Congrats! I am glad to hear today went better for you!!


----------



## Tahnee GR (Aug 26, 2006)

Woo Hoo-go, Tito!


----------



## AmberSunrise (Apr 1, 2009)

That is such great news  Good boy Tito!


----------



## Dallas Gold (Dec 22, 2007)

Fabulous!! Go Team Tito!!


----------



## Titan1 (Jan 19, 2010)

Congrats on a great day!


----------



## sammydog (Aug 23, 2008)

Way to go Team Tito!! I think he needs a set of weavepoles to celebrate!! :bigangel:


----------



## hotel4dogs (Sep 29, 2008)

I have a 2700 square foot, semi-finished basement that is basically empty and NO WEAVE POLES!!! What's wrong with this picture?


----------



## sammydog (Aug 23, 2008)

Yup, you have no excuse!!!


----------



## Loisiana (Jul 29, 2009)

I see some new titles in someone's near future!


----------



## Cathy's Gunner (Dec 4, 2008)

Great news, Barb!
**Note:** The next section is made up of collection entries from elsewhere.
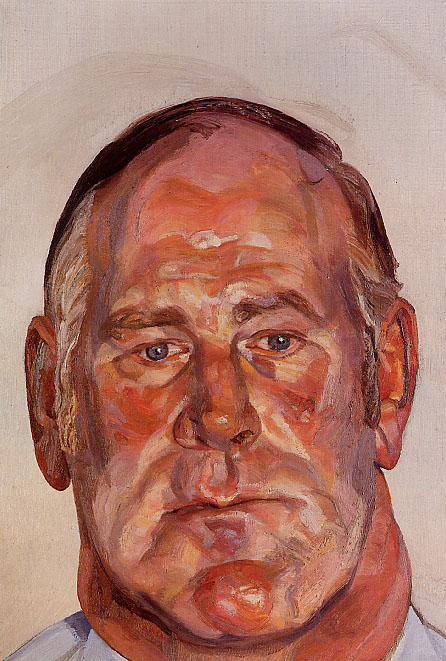If this painting could tell a story, what would it be? The painting could tell the story of a man navigating the complexities of his life. Perhaps he has lived through significant experiences—joy, sorrow, triumph, and loss—which have all contributed to the depth of his character. The warm, vivid colors could represent the various emotions he has felt, while his serene expression indicates a moment of quiet reflection. His story is one of resilience and contemplation, captured at a poignant moment where he is entirely within himself, detached from the outside world. 
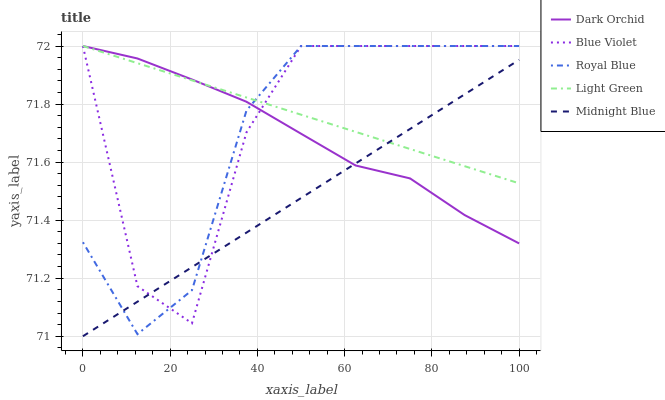Does Midnight Blue have the minimum area under the curve?
Answer yes or no. Yes. Does Light Green have the maximum area under the curve?
Answer yes or no. Yes. Does Blue Violet have the minimum area under the curve?
Answer yes or no. No. Does Blue Violet have the maximum area under the curve?
Answer yes or no. No. Is Light Green the smoothest?
Answer yes or no. Yes. Is Blue Violet the roughest?
Answer yes or no. Yes. Is Blue Violet the smoothest?
Answer yes or no. No. Is Light Green the roughest?
Answer yes or no. No. Does Midnight Blue have the lowest value?
Answer yes or no. Yes. Does Blue Violet have the lowest value?
Answer yes or no. No. Does Dark Orchid have the highest value?
Answer yes or no. Yes. Does Midnight Blue have the highest value?
Answer yes or no. No. Does Midnight Blue intersect Dark Orchid?
Answer yes or no. Yes. Is Midnight Blue less than Dark Orchid?
Answer yes or no. No. Is Midnight Blue greater than Dark Orchid?
Answer yes or no. No.

Way to go Tito!!!


----------



## DNL2448 (Feb 13, 2009)

Awesome, awesome, AWESOME! How proud you must be, Tito got his groove..I mean weave..back!!! Congratulations!


----------



## Karen519 (Aug 21, 2006)

*Tito*

Way to go, Tito!!
If your basement is that big, Barb, how big is your house!?!?


----------